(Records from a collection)

● ● ● ●

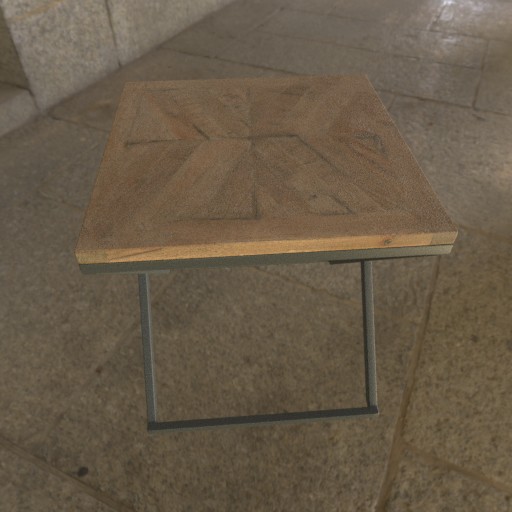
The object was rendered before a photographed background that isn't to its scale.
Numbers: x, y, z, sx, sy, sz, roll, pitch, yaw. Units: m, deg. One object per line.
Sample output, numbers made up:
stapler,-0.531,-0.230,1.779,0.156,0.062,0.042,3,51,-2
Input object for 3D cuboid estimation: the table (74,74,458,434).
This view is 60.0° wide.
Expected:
table,0.000,0.000,0.937,0.499,0.550,0.498,-3,45,-3
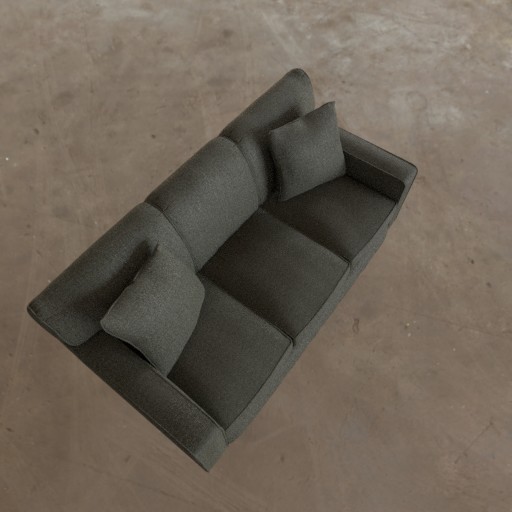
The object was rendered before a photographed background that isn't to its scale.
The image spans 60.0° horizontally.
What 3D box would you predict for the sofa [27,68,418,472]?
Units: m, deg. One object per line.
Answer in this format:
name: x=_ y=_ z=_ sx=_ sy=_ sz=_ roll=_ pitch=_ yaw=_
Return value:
sofa: x=0.000 y=0.000 z=2.504 sx=0.997 sy=0.958 sz=2.024 roll=33 pitch=64 yaw=18
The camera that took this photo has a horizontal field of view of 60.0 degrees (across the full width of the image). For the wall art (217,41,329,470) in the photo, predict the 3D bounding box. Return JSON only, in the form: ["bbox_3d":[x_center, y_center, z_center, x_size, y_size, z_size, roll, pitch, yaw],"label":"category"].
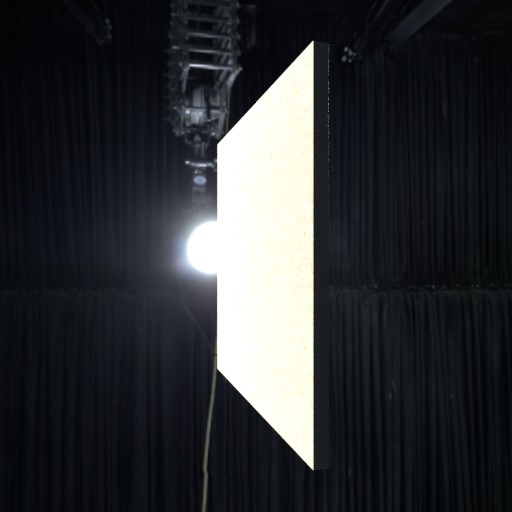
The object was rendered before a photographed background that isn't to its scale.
[{"bbox_3d":[0.000,0.000,1.172,0.031,0.775,0.773,0,0,-18],"label":"wall art"}]
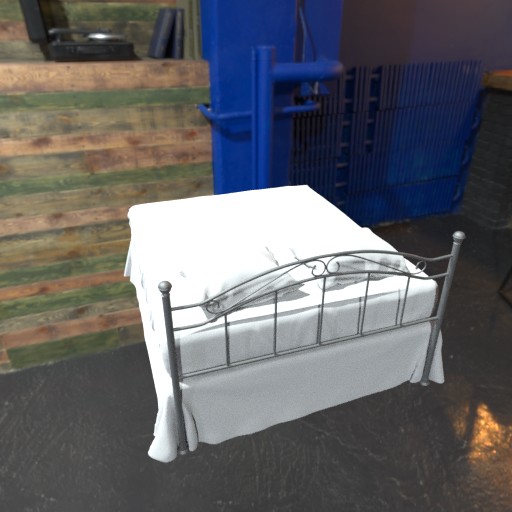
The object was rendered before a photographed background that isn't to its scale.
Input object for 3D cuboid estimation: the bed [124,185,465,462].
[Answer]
[{"bbox_3d":[0.000,0.000,3.285,1.936,1.080,2.215,-9,29,-17],"label":"bed"}]
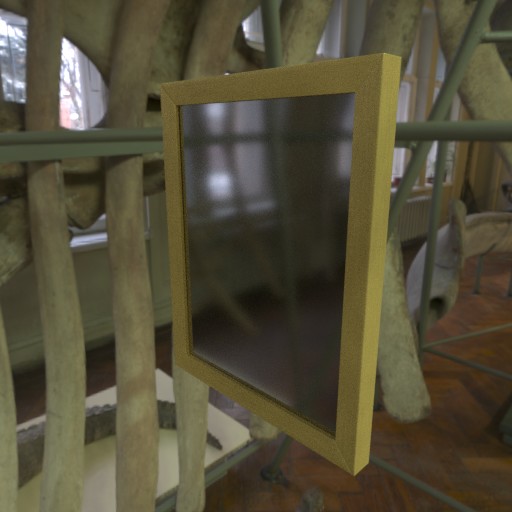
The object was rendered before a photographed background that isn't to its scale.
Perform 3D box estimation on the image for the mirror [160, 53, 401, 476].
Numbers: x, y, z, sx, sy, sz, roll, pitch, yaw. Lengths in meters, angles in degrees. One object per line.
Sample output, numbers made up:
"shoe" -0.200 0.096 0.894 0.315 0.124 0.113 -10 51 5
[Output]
"mirror" 0.000 0.000 0.662 0.041 0.508 0.405 -15 21 -42
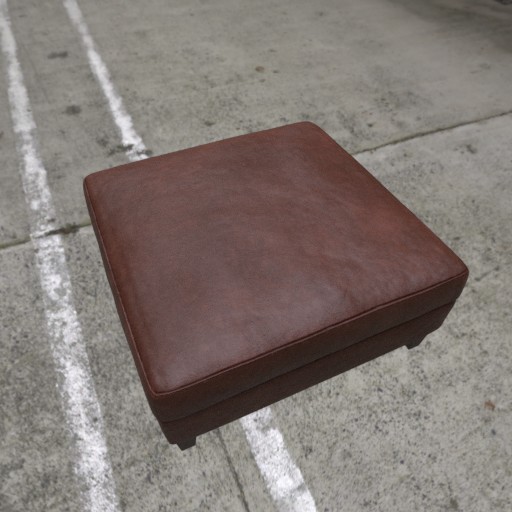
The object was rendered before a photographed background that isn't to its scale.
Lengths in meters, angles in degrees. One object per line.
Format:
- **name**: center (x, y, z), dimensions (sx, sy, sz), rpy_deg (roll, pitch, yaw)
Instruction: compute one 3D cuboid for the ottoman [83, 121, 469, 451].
- **ottoman**: center (0.000, 0.000, 1.337), dimensions (0.844, 0.415, 0.836), rpy_deg (-18, 49, -17)
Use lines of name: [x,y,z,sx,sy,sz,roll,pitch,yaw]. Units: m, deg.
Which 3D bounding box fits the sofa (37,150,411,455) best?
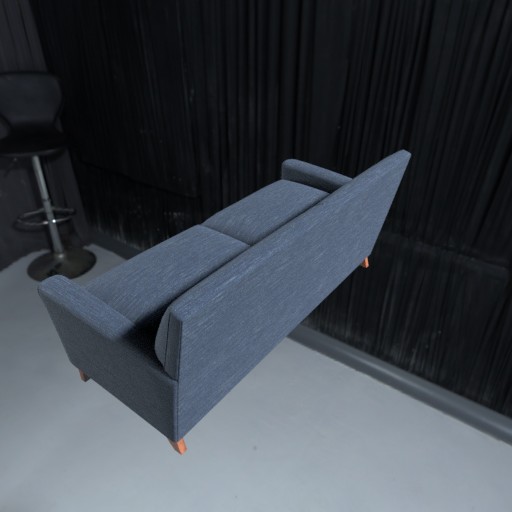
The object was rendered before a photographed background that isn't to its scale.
sofa: [0.000,0.000,2.418,0.875,0.846,1.976,22,38,31]
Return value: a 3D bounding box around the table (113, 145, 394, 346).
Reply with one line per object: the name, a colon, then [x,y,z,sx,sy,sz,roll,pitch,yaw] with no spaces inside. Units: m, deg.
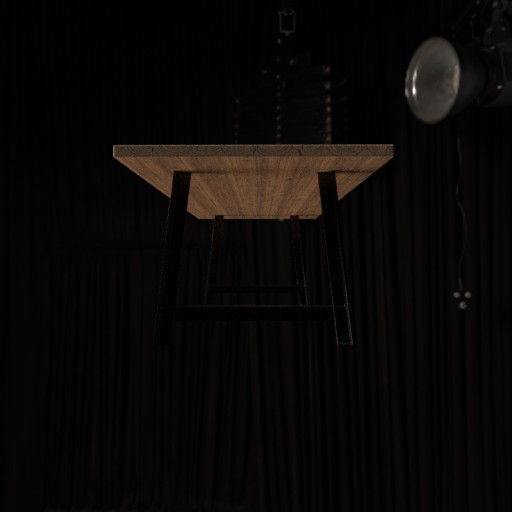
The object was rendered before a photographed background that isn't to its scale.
table: [0.000,0.000,2.668,1.000,0.757,2.200,0,-1,0]
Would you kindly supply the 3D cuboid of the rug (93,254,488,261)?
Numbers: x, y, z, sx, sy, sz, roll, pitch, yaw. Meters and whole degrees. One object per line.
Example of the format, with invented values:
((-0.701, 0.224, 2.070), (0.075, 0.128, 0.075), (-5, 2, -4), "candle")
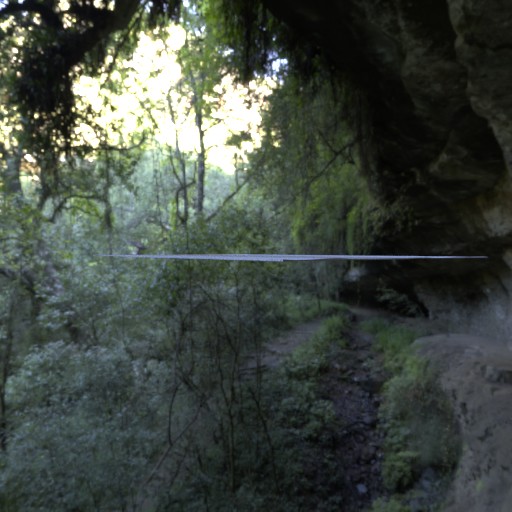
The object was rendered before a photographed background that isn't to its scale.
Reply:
((0.000, 0.000, 3.076), (1.522, 0.012, 2.440), (0, 1, -36), "rug")

● ● ● ●

▶ _Aim of the task_:
Where a line above holds the word "predict", copy it.

▶ _Answer space_:
What 3D box would you predict for the sofa [27,68,418,472]?
The camera that took this photo has a horizontal field of view of 60.0 degrees (across the full width of the image). For the wall art (217,41,329,470) in the photo, predict the 3D bounding box. Return JSON only, in the form: ["bbox_3d":[x_center, y_center, z_center, x_size, y_size, z_size, roll, pitch, yaw],"label":"category"].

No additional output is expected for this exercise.